I guess I am really missing the value of joining these organizations. Please advise.


----------



## Jo-JotheSoundDog (May 1, 2003)

I found SETC to be very valuable when I was just coming out of college. Attending the conference a couple years gave me great experience interviewing and also a couple jobs. Now a days I no longer need the interview experience. As for USITT and LDI if you are in a position to make use of joining, i.e. being able to attend the conferences they are not bad for keeping up with the latest tech. All three of these organisations also offer lectures and the like, so a lot can be learned from them.


----------



## ship (May 1, 2003)

LDI is a convention. Not really much to join. You should attend the conventions - this like attending USITT is very important for knowing what’s going on and learning stuff in the lectures. If you are freelance, you have to pay, but if you work for a company, they might send you there and pick up the bill both for getting in and room and board. Better yet, if you work for a company that’s presenting or installing, you not only get in and get free housing, but are paid to be there plus get spending money. In my case, since I’m salery and management, I’m offered the option to go if I want - my boss or me if not both, and I don’t have to do any work while there. See you next year.
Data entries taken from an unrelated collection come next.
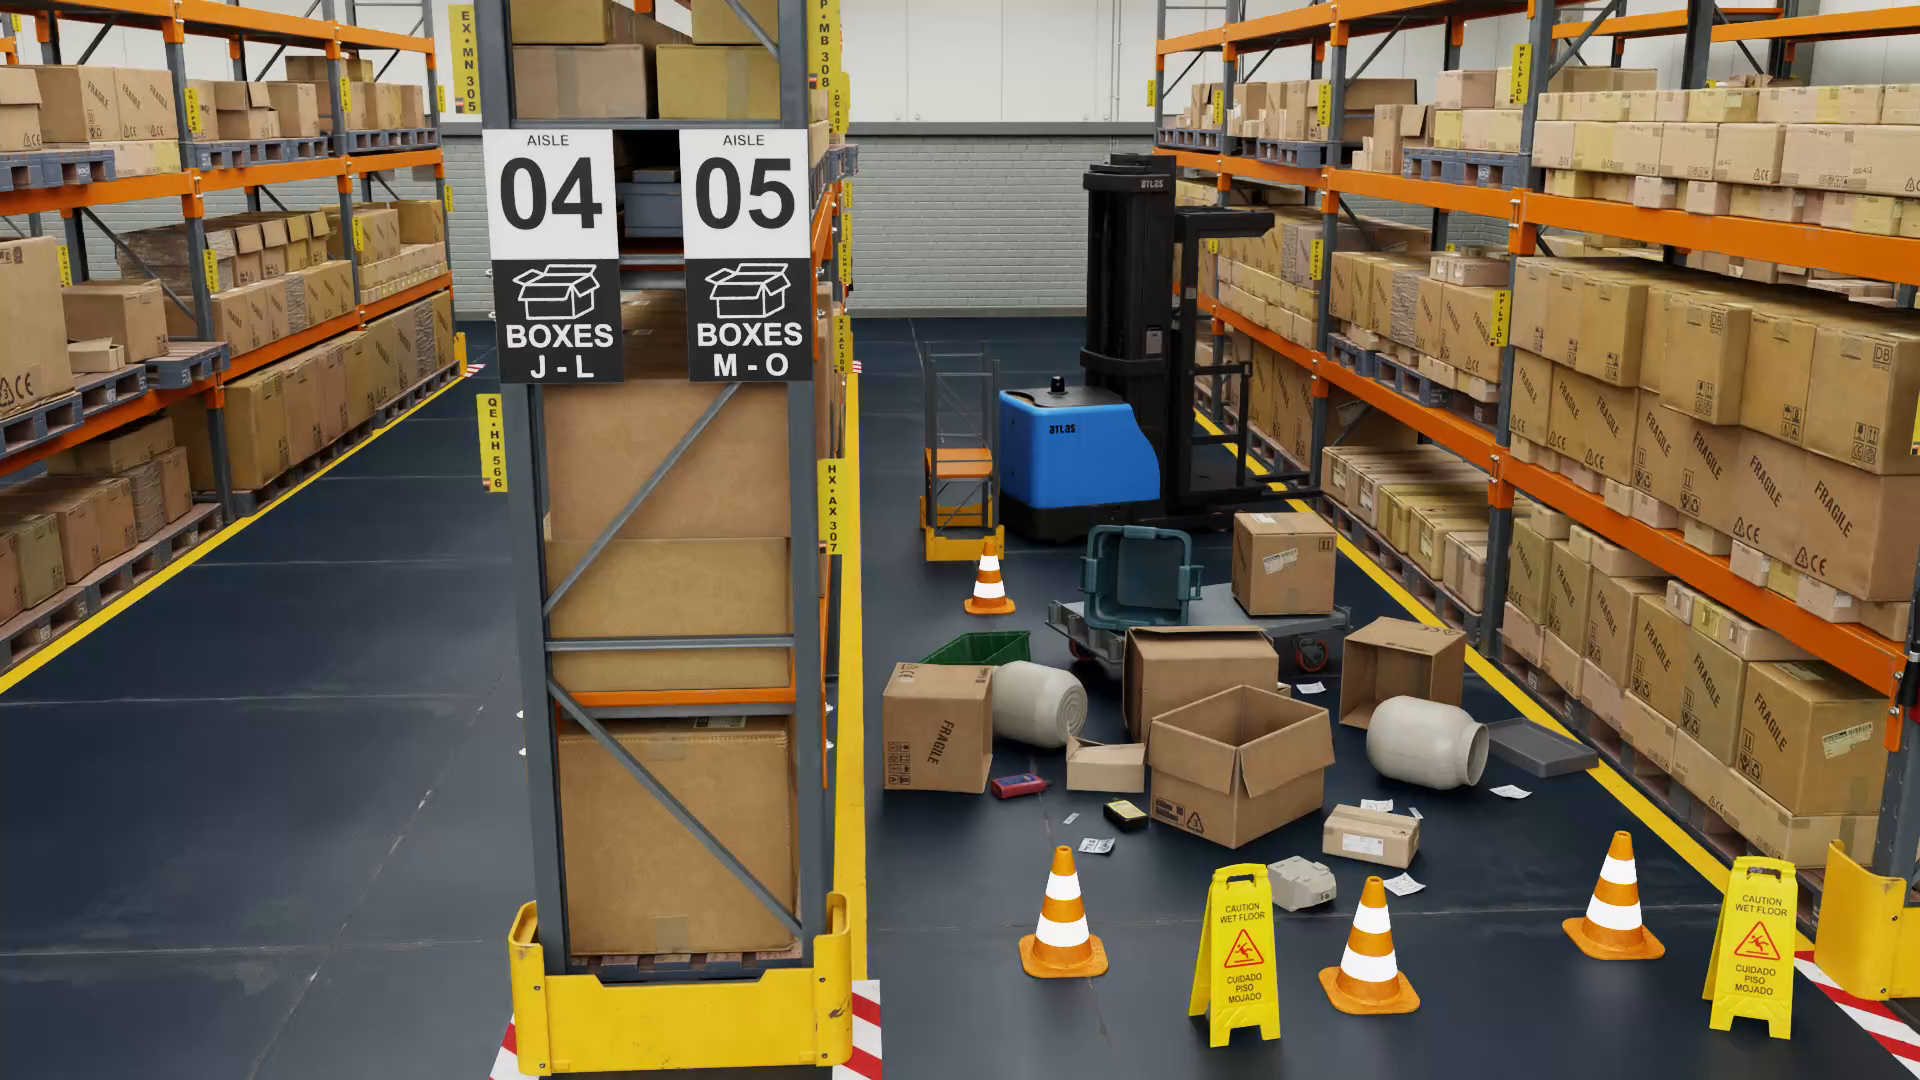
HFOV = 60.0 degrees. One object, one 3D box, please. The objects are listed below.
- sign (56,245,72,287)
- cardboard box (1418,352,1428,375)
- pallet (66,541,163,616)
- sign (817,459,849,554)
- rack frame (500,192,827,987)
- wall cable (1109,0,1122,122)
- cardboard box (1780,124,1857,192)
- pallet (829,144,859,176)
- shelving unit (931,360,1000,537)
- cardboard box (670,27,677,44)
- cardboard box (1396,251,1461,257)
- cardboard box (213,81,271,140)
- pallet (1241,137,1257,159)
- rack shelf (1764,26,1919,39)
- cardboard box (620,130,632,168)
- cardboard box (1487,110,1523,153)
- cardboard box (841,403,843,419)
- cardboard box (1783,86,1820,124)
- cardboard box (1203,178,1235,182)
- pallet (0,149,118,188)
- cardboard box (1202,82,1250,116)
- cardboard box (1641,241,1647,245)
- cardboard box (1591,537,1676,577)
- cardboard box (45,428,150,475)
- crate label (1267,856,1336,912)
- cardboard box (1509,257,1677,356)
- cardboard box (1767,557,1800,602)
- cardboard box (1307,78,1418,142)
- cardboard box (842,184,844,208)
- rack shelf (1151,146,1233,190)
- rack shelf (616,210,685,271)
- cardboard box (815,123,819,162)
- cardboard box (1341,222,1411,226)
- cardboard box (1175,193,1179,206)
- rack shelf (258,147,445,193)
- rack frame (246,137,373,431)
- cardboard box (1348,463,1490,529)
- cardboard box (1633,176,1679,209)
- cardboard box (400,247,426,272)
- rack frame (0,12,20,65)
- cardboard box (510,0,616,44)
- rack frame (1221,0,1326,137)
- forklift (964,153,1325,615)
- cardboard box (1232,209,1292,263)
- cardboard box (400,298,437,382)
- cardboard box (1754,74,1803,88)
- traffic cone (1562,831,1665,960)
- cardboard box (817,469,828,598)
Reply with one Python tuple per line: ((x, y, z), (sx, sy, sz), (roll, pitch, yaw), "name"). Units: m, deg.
((-6.982, -2.135, 12.982), (0.100, 0.325, 0.005), (-1, 14, -3), "sign")
((3.354, -1.201, 11.338), (0.380, 0.149, 0.250), (-1, 14, -3), "cardboard box")
((-6.309, 0.264, 11.578), (1.003, 0.211, 1.213), (-1, 14, -3), "pallet")
((-0.422, -0.110, 5.540), (0.100, 0.325, 0.005), (-1, 14, -3), "sign")
((-0.976, 0.354, 5.630), (1.000, 3.000, 0.127), (-1, 14, -3), "rack frame")
((2.334, -8.042, 26.224), (0.463, 3.000, 0.029), (-1, 14, -3), "wall cable")
((3.641, -1.520, 6.598), (0.500, 0.250, 0.500), (-1, 14, -4), "cardboard box")
((-1.379, -2.837, 12.393), (1.213, 0.211, 1.003), (0, 14, -1), "pallet")
((0.007, -0.697, 12.726), (0.500, 1.500, 0.985), (-1, 14, -3), "shelving unit")
((-1.460, -2.197, 7.387), (0.380, 0.149, 0.250), (-1, 14, -4), "cardboard box")
((3.768, -2.024, 13.233), (0.500, 0.500, 0.500), (-1, 14, -5), "cardboard box")
((-6.576, -3.798, 14.697), (0.797, 0.503, 0.637), (-1, 14, -4), "cardboard box")
((3.321, -3.864, 16.391), (0.805, 0.209, 1.217), (-1, 15, -6), "pallet")
((8.293, -4.770, 15.360), (0.919, 0.124, 3.809), (-1, 14, -3), "rack shelf")
((-1.349, -1.369, 5.767), (0.380, 0.149, 0.250), (-1, 14, -3), "cardboard box")
((3.530, -2.469, 10.039), (0.500, 0.250, 0.500), (-1, 14, -5), "cardboard box")
((-1.295, -0.933, 14.807), (0.500, 0.500, 0.500), (-1, 14, -3), "cardboard box")
((3.659, -1.797, 6.874), (0.380, 0.149, 0.250), (-1, 14, -3), "cardboard box")
((3.229, -4.424, 20.693), (0.380, 0.149, 0.250), (-1, 14, -2), "cardboard box")
((-6.180, -2.364, 10.551), (1.213, 0.211, 1.003), (-1, 14, -3), "pallet")
((3.099, -4.821, 18.474), (0.797, 0.503, 0.637), (0, 14, 1), "cardboard box")
((8.271, -3.514, 20.367), (0.500, 0.250, 0.500), (0, 14, -2), "cardboard box")
((3.479, 0.086, 8.539), (0.380, 0.149, 0.250), (0, 14, 0), "cardboard box")
((-6.314, -0.652, 12.168), (0.500, 0.250, 0.500), (1, 14, 3), "cardboard box")
((1.447, 1.459, 7.080), (0.250, 0.136, 0.298), (-9, 17, -32), "crate label")
((3.521, -1.306, 9.279), (0.700, 0.500, 0.500), (-1, 14, -4), "cardboard box")
((3.601, 0.159, 6.892), (0.380, 0.149, 0.250), (-1, 14, -4), "cardboard box")
((3.289, -3.534, 13.674), (0.797, 0.503, 0.637), (-2, 15, -7), "cardboard box")
((-1.582, -3.805, 18.991), (0.500, 0.500, 0.500), (-1, 14, -5), "cardboard box")
((3.091, -4.333, 19.273), (1.077, 0.370, 4.000), (-1, 14, -3), "rack shelf")
((-1.100, -1.377, 7.246), (0.919, 0.052, 3.809), (-1, 14, -3), "rack shelf")
((-0.709, -1.444, 6.062), (0.380, 0.149, 0.250), (-1, 14, -3), "cardboard box")
((3.636, -2.519, 14.591), (0.500, 0.500, 0.500), (-1, 14, -3), "cardboard box")
((2.791, -3.879, 19.876), (0.500, 0.500, 0.500), (-1, 14, -4), "cardboard box")
((-6.800, -4.180, 18.678), (1.077, 0.370, 4.000), (-1, 14, -3), "rack shelf")
((-6.676, -2.579, 17.029), (1.000, 3.000, 0.127), (-1, 14, -3), "rack frame")
((3.542, -0.344, 12.773), (0.950, 0.372, 0.625), (-1, 14, -5), "cardboard box")
((3.477, -1.670, 7.981), (0.380, 0.149, 0.250), (-1, 14, -5), "cardboard box")
((-6.566, -3.276, 19.442), (0.500, 0.250, 0.500), (-1, 14, -5), "cardboard box")
((-11.867, -6.402, 19.851), (1.000, 3.000, 0.127), (-1, 14, -3), "rack frame")
((-1.335, -1.693, 5.428), (0.380, 0.149, 0.250), (-1, 14, -3), "cardboard box")
((3.215, -5.637, 16.876), (1.000, 3.000, 0.127), (-1, 14, -3), "rack frame")
((1.572, -1.375, 12.487), (4.086, 2.935, 2.622), (-5, 15, -19), "forklift")
((3.014, -3.024, 16.554), (0.500, 0.500, 0.500), (-1, 14, -4), "cardboard box")
((-6.748, -2.364, 19.614), (0.875, 0.875, 0.875), (-1, 14, -3), "cardboard box")
((8.306, -4.597, 16.884), (0.396, 0.266, 0.258), (-1, 14, -3), "cardboard box")
((2.644, 1.394, 6.679), (0.336, 0.463, 0.334), (-1, 14, -3), "traffic cone")
((-1.009, -0.088, 7.046), (0.875, 0.550, 0.550), (-1, 14, -3), "cardboard box")
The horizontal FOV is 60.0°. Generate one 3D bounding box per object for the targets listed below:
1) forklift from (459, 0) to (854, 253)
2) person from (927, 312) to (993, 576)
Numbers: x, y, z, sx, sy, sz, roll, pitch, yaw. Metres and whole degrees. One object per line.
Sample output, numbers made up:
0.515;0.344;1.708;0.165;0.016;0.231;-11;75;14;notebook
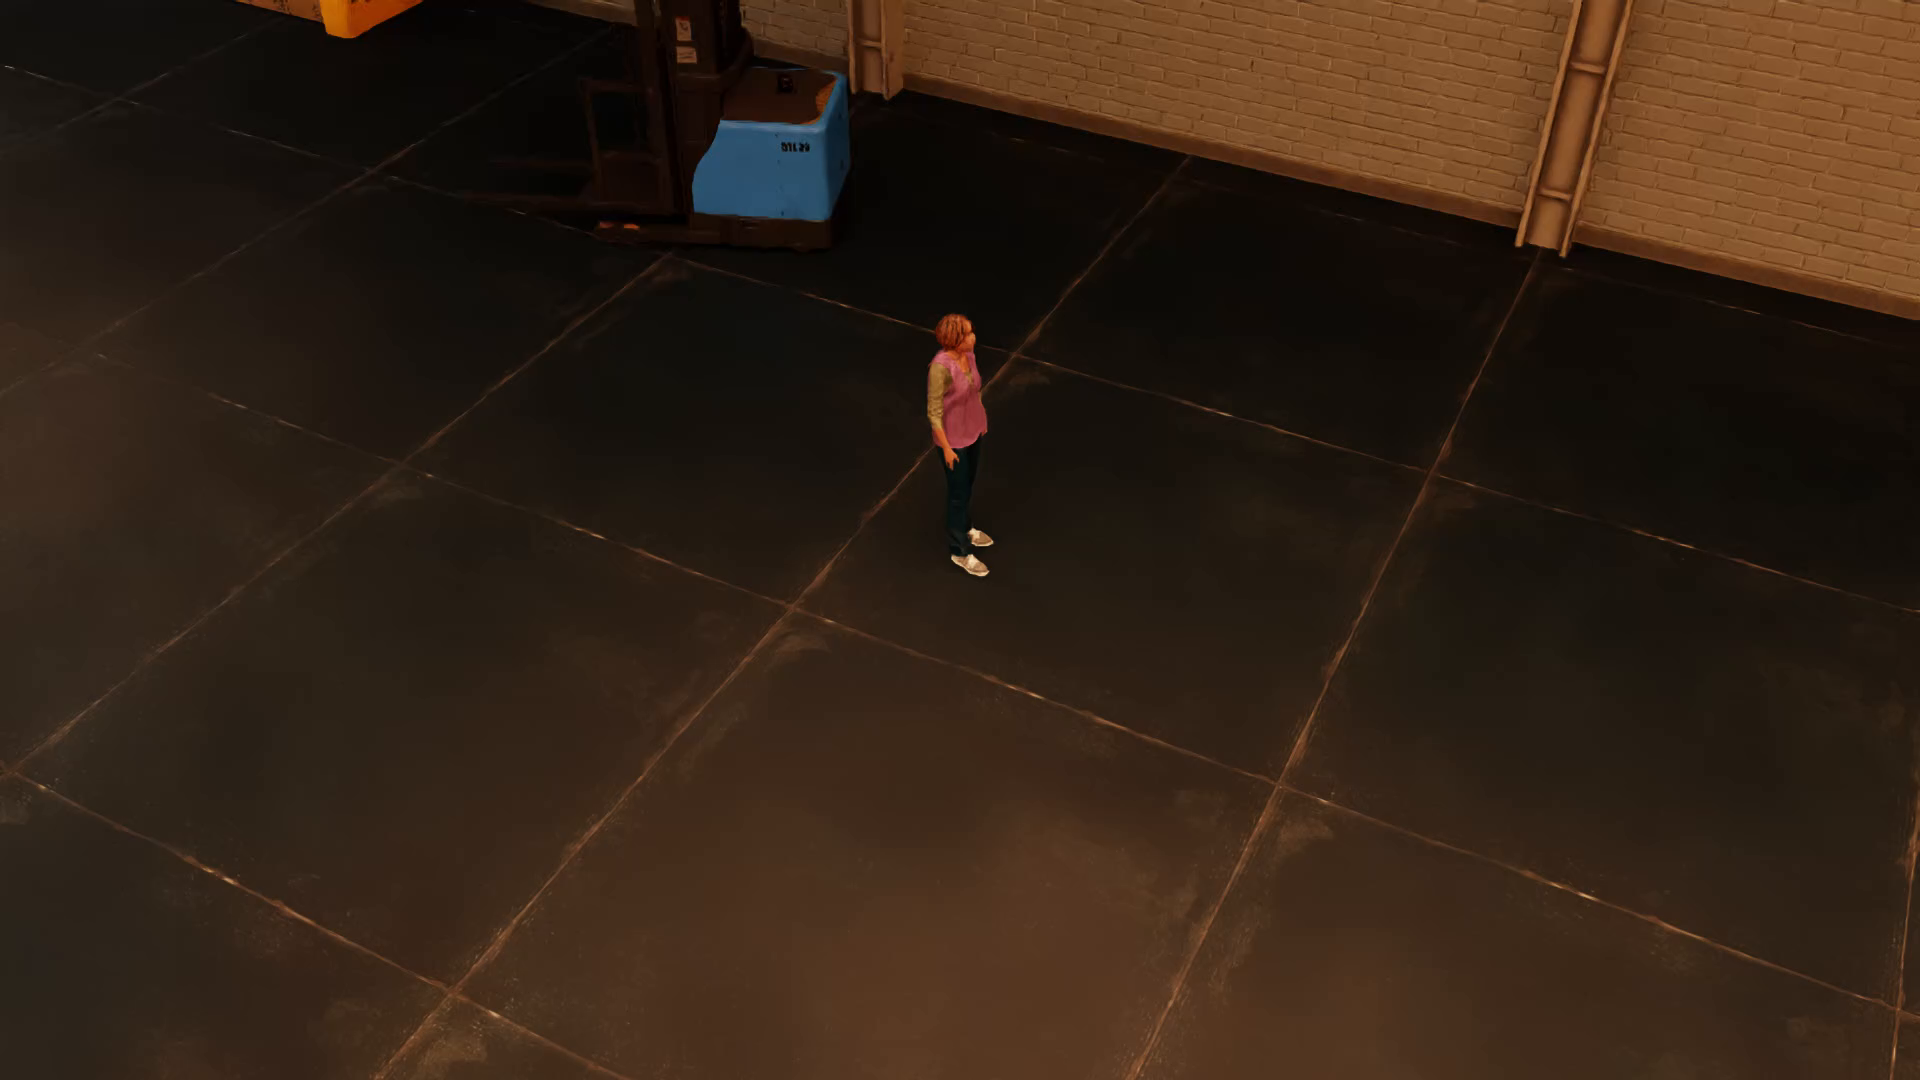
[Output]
-2.422;-3.760;12.451;3.031;2.935;1.130;5;40;6;forklift
0.059;-0.586;9.707;0.474;1.597;0.520;18;43;21;person

Subscribe to the magazine if you want to stay informed but it’s value is limited because from the last time I read it, it wasted more time covering stuff I didn’t see, care about, or attend than providing anything useful. Lack of subscribing is like living as a hermit where technology is concerned, but besides knowing what toys are out there, in my opinion, there is not much value. It’s not like any sort of Wood Magazine that does useful articles on how to do stuff and does Consumer Reports like tests on gear - given it’s home owner grade tests and not tested for industrial usefulness. PLSN is another good magazine for keeping informed. Used to be that Theater Crafts or Lighting Dimensions (and I mean Theater Crafts not TCI) would give how to articles but that’s long gone from my last reading. Articles you could use in writing term papers and gaining skills that you could use.
They gave me a free year’s subscription to each after I wrote a letter complaining about the quality. Stuck with them that extra year and never renewed either. Still one big advertisement in my opinion. Since than I hear Lighting Dimensions has improved lately. Perhaps. PLSN [email protected] <[email protected]> this week was offering free subscriptions to the magazine on Stagecraft List for anyone interested. 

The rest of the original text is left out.